Поэтому она собрала остатки сил и побрела от областной
«Скорой помощи» через Ковалиху на Провиантскую улицу, а потом – на свою
Ижорскую, которая еще утром была родной и любимой, а теперь чудилась
исполненной опасных и зловещих теней.
Тина не сдержала сдавленного крика, когда одна из таких
теней вдруг отделилась от скамейки, стоящей возле ее подъезда, и встревоженным
голосом произнесла:
– Ну наконец-то. Я уж тут в розыск собрался подавать,
честное слово!
Тень говорила мужским голосом, имела широкие плечи, а свет
фонаря играл на ее тщательно причесанных рыжеватых волосах. В руках тени
шелестел целлофаном букет и шуршал пакет, в котором вырисовывались очертания
каких-то коробок.
Бояться нечего – это же Виталий!
– Привет, – выговорила Тина, едва управляясь с прыгающими
губами. – Извините, я… у меня тут…
Вдруг ее шатнуло так, что она непременно упала бы, если бы
Виталий, отшвырнув свое имущество, не подхватил ее.
– Что? Что такое? На тебя напали, что ли? Говори же! – Он
сильно встряхнул ее, и боль снова запульсировала в висках.

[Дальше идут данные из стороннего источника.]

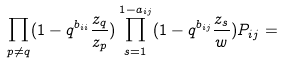Convert formula to latex. <formula><loc_0><loc_0><loc_500><loc_500>\prod _ { p \neq q } ( 1 - q ^ { b _ { i i } } \frac { z _ { q } } { z _ { p } } ) \prod _ { s = 1 } ^ { 1 - a _ { i j } } ( 1 - q ^ { b _ { i j } } \frac { z _ { s } } { w } ) P _ { i j } =</formula> 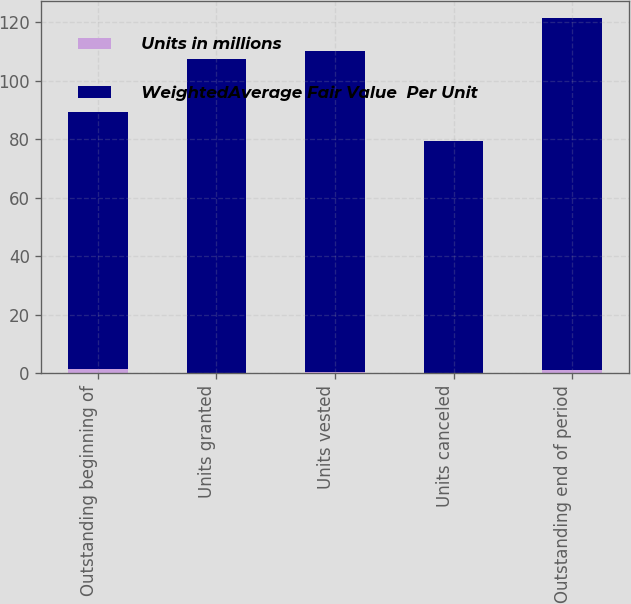Convert chart. <chart><loc_0><loc_0><loc_500><loc_500><stacked_bar_chart><ecel><fcel>Outstanding beginning of<fcel>Units granted<fcel>Units vested<fcel>Units canceled<fcel>Outstanding end of period<nl><fcel>Units in millions<fcel>1.39<fcel>0.23<fcel>0.33<fcel>0.09<fcel>1.2<nl><fcel>WeightedAverage Fair Value  Per Unit<fcel>87.88<fcel>107.05<fcel>109.84<fcel>79.32<fcel>120.13<nl></chart> 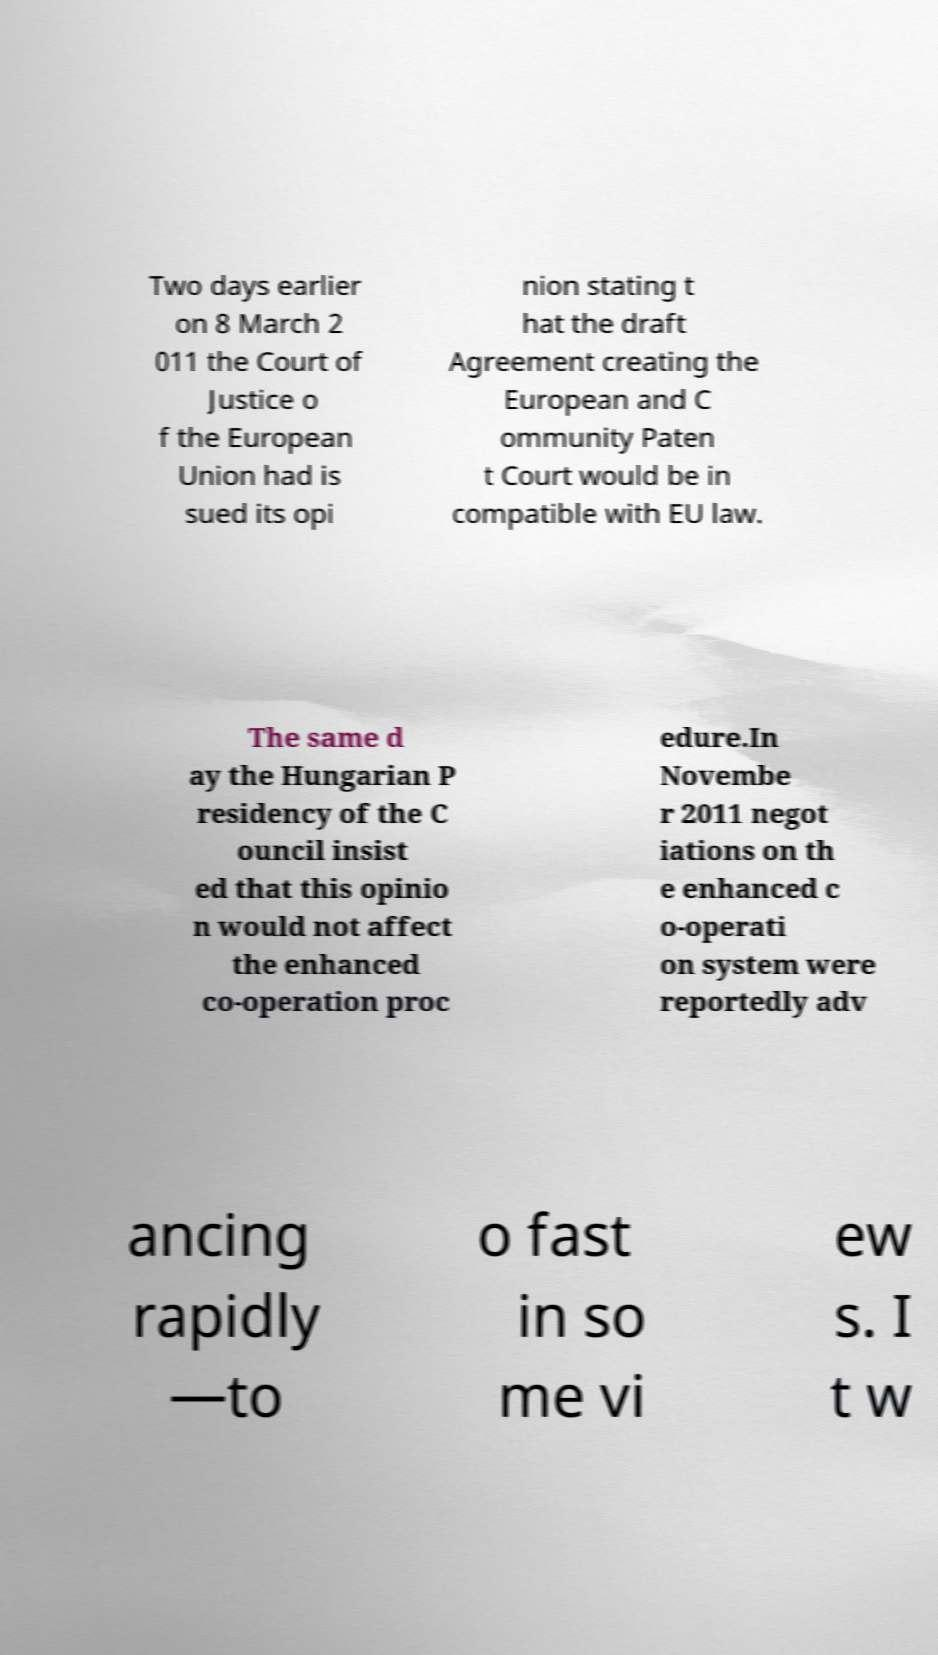Please read and relay the text visible in this image. What does it say? Two days earlier on 8 March 2 011 the Court of Justice o f the European Union had is sued its opi nion stating t hat the draft Agreement creating the European and C ommunity Paten t Court would be in compatible with EU law. The same d ay the Hungarian P residency of the C ouncil insist ed that this opinio n would not affect the enhanced co-operation proc edure.In Novembe r 2011 negot iations on th e enhanced c o-operati on system were reportedly adv ancing rapidly —to o fast in so me vi ew s. I t w 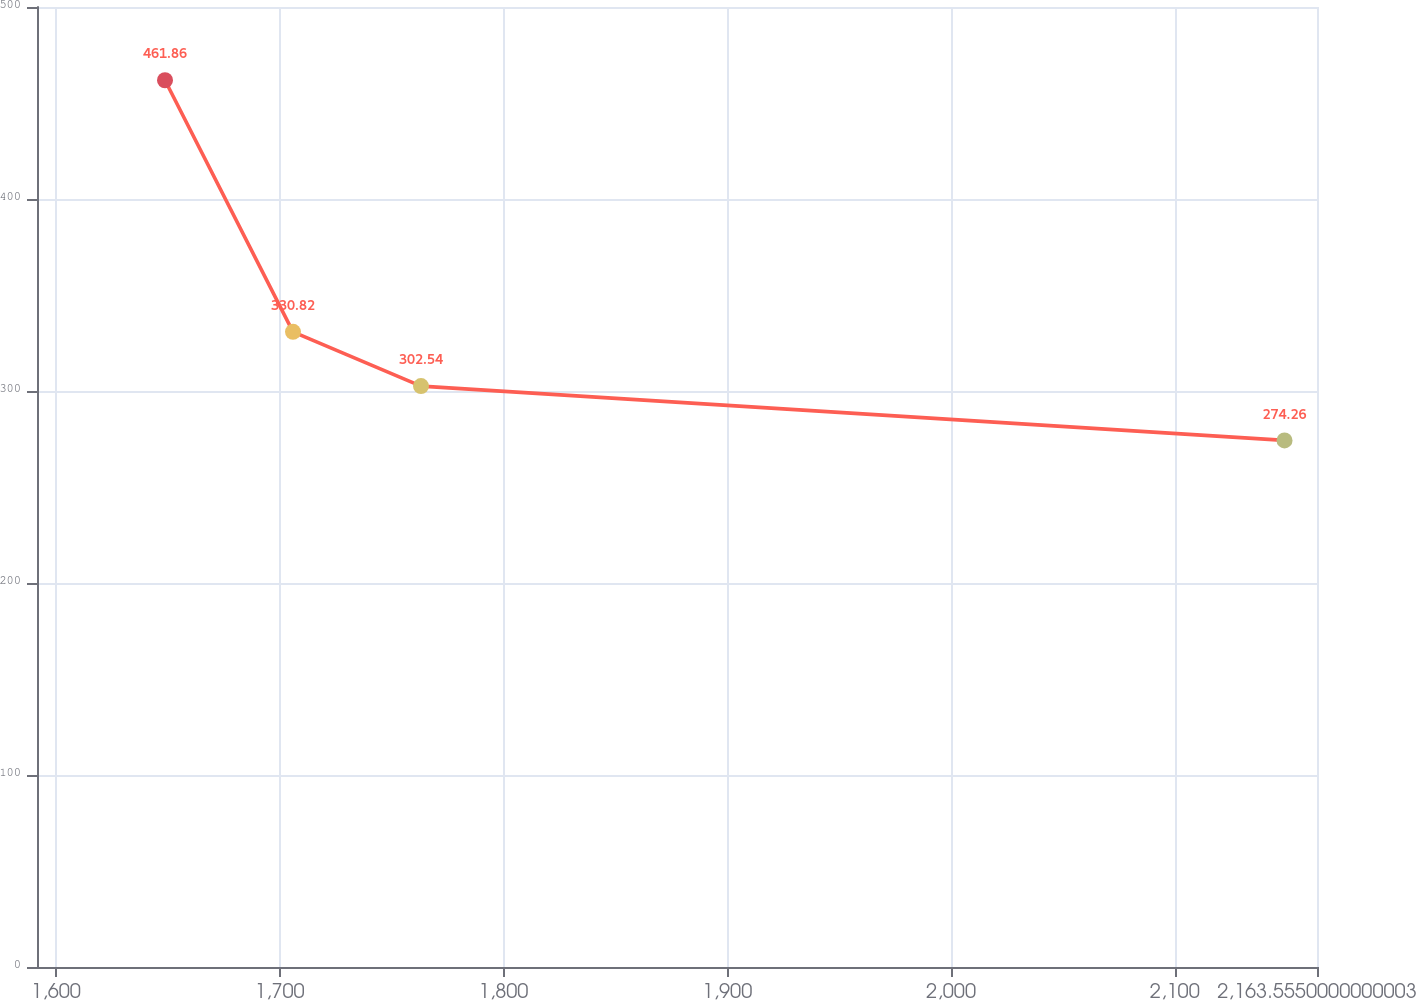<chart> <loc_0><loc_0><loc_500><loc_500><line_chart><ecel><fcel>As of December 2013<nl><fcel>1648.71<fcel>461.86<nl><fcel>1705.91<fcel>330.82<nl><fcel>1763.12<fcel>302.54<nl><fcel>2149.04<fcel>274.26<nl><fcel>2220.76<fcel>179.04<nl></chart> 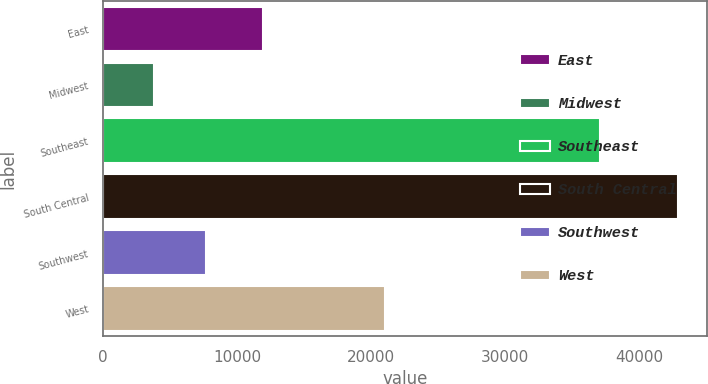Convert chart to OTSL. <chart><loc_0><loc_0><loc_500><loc_500><bar_chart><fcel>East<fcel>Midwest<fcel>Southeast<fcel>South Central<fcel>Southwest<fcel>West<nl><fcel>11900<fcel>3800<fcel>37100<fcel>42900<fcel>7710<fcel>21000<nl></chart>

– Ох, тише… – простонала Тина. – У меня, наверное, и правда
сотрясение мозга. Я в аварию попала, «маршрутка» перевернулась. Так что
извините за опоздание.
– В аварию?! – недоверчиво качнул головой Виталий. – А я
тебя на площади ждал часа два, потом звонил из всех автоматов, всю топографию
двора наизусть выучил. Так и знал, так и чувствовал, что с тобой какая-то беда!
Ну, пошли. Я тебя домой отведу.
Тина с облегчением повисла на его руке.